Tribunal reduz ainda mais pena de limeirense que matou a mãe

Ao julgar pedido de revisão criminal na última quarta-feira (17/4), o Tribunal de Justiça de São Paulo (TJSP) reduziu, pela segunda vez, a pena aplicada ao limeirense M.R.C., condenado pelo homicídio de sua própria mãe. A pena inicial de 30 anos caiu, primeiro, para 24 e, agora, foi novamente diminuída.

Em Limeira, o réu foi condenado por homicídio com qualificadoras, entre elas a de feminicídio. A vítima foi a sua própria mãe, Rosângela Aparecida de Moraes Camargo, que faleceu em 2018 após ser agredida. A vítima tinha sido submetida a cirurgia de transplante de rim e foi agredida pelo filho, que tinha em seu desfavor medida para se manter afastado.

Ele não poderia ter contato, mas foi à casa da mãe e passou a residir no imóvel, na Chácara Antonieta. No dia 3 de fevereiro daquele ano, ele iniciou uma discussão com Rosângela, que evoluiu para agressões com chutes no abdome, cabeça, braços e pernas, mesmo sabendo que ela havia passado por procedimento cirúrgico.

As agressões só pararam quando a vítima ficou inconsciente. Rosângela foi encontrada por parentes no dia seguinte. Ficou por uma semana internada na Santa Casa, foi transferida à Unicamp após complicações e faleceu em 19 de março.

M. alegou que sofria de transtorno obsessivo compulsivo e “perdia” o controle emocional facilmente, por isso fazia uso de remédios psiquiátricos. Quanto ao crime, afirmou que foi ofendido por Rosângela, chutou-a na barriga e a empurrou-a, derrubando-a no chão. Confessou que estava arrependido.

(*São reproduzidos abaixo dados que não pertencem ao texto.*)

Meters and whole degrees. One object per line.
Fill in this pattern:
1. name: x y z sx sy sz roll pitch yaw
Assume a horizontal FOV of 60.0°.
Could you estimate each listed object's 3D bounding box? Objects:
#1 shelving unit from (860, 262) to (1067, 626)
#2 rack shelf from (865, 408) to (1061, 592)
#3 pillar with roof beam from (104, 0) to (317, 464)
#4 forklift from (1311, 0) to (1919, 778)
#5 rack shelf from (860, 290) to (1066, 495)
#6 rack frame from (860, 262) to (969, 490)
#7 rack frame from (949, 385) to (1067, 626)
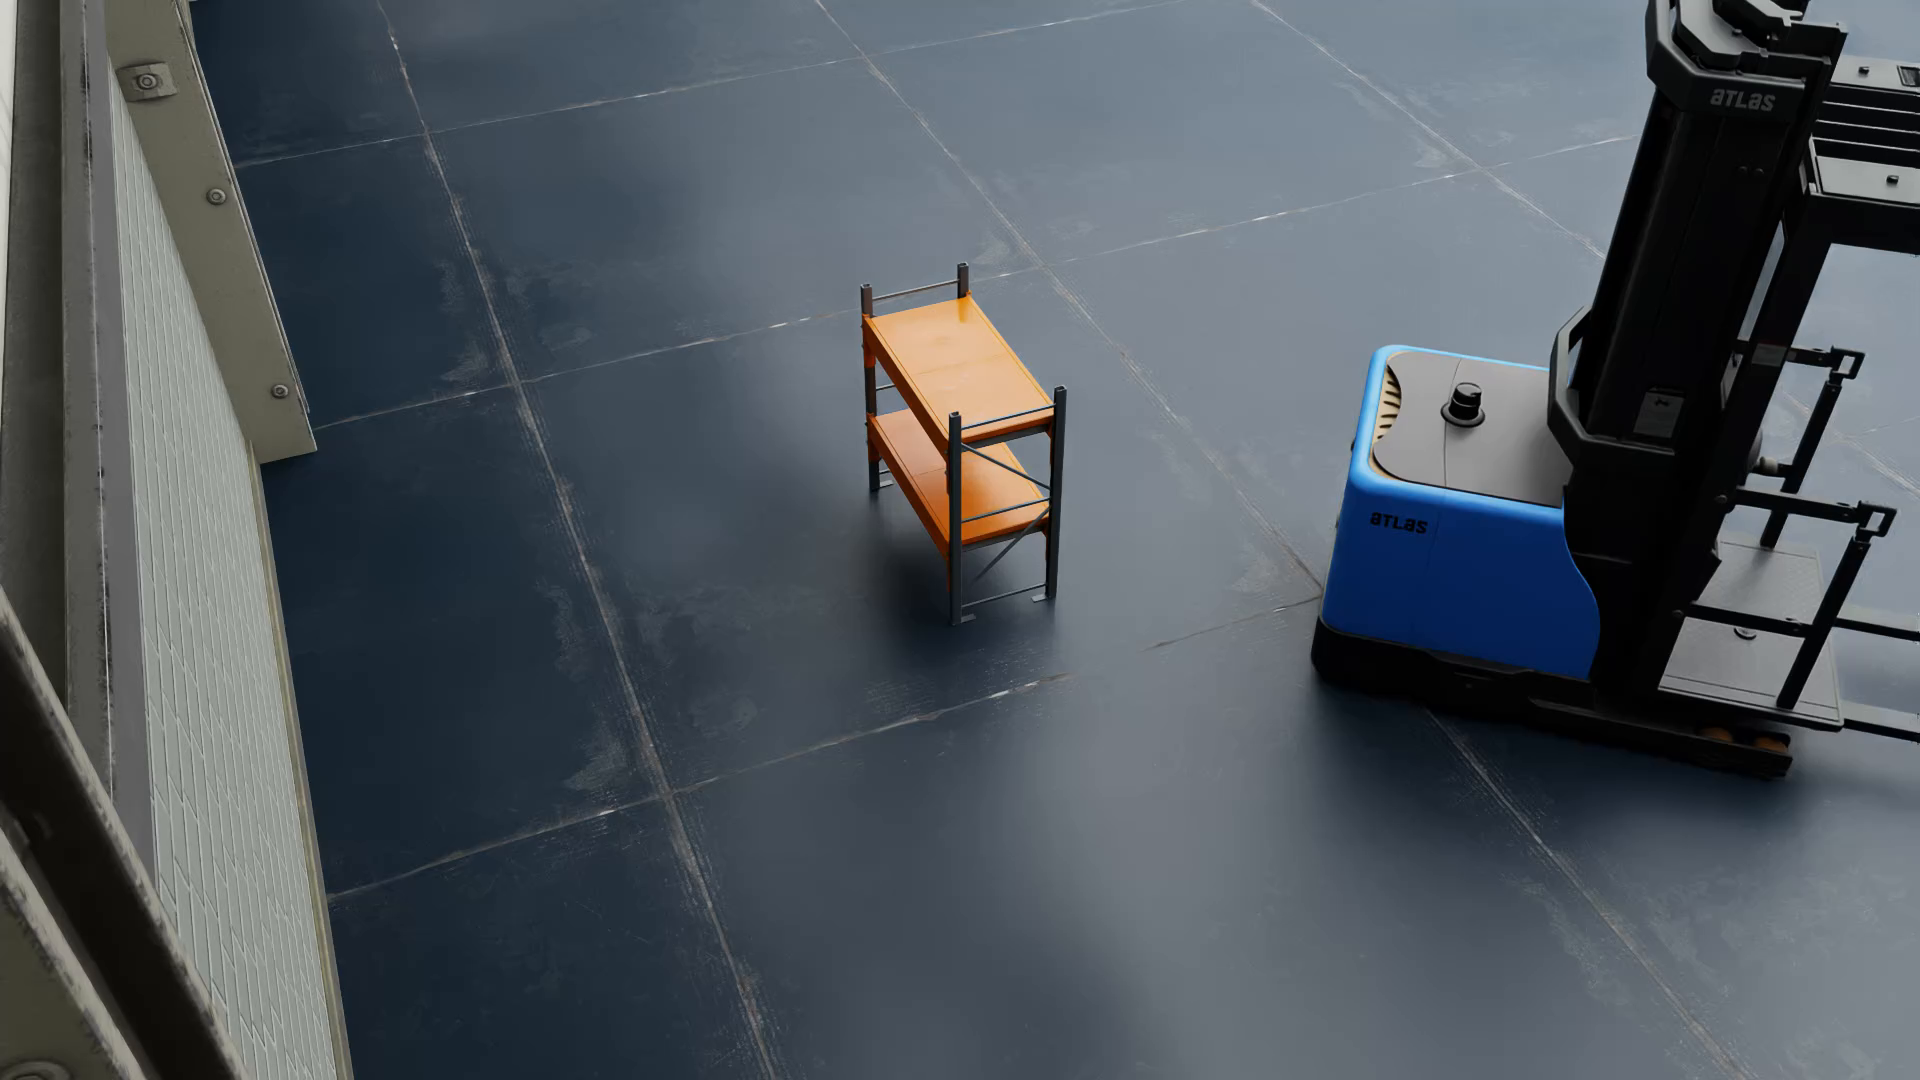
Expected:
1. shelving unit: -0.003 -0.431 7.307 0.538 1.125 1.048 -15 43 -17
2. rack shelf: -0.003 -0.245 7.466 0.538 0.278 1.000 -15 43 -17
3. pillar with roof beam: 0.597 -5.005 6.588 9.100 9.000 0.400 -15 43 -17
4. forklift: 3.049 -0.560 6.072 3.031 2.935 1.130 11 42 12
5. rack shelf: -0.003 -0.652 7.116 0.538 0.278 1.000 -15 43 -17
6. rack frame: -0.197 -0.737 7.663 0.500 1.125 0.032 -15 43 -17
7. rack frame: 0.192 -0.124 6.950 0.500 1.125 0.032 -15 43 -17

O réu foi condenado à pena de 30 anos. Na apelação, a defesa alegou que a decisão dos jurados foi contrária à prova dos autos. Em 2022, a 6ª Câmara de Direito Criminal do TJ que deu parcial provimento ao recurso e reduziu a pena para 24 anos. Com o trânsito em julgado da sentença (quando ela se torna definitiva), a Defensoria Pública apresentou uma revisão criminal questionando o acórdão por não reconhecer a atenuante da confissão espontânea, o que deveria implicar na redução da pena.

A nova ação foi analisada pelo 1º Grupo de Direito Criminal e, por maioria dos votos, prevaleceu o entendimento do relator, desembargador Francisco Orlando. Para ele, o réu, desde a fase policial, admitiu que agrediu a mãe, embora tenha atenuado a violência do ataque durante o interrogatório na sessão do júri. O magistrado lembra que o Superior Tribunal de Justiça (STJ) admite que a atenuante deve incidir, ainda que a confissão seja parcial.

Assim, a pena do feminicídio foi reduzida para 21 anos e 4 meses de reclusão, mantido o cumprimento em regime inicial fechado.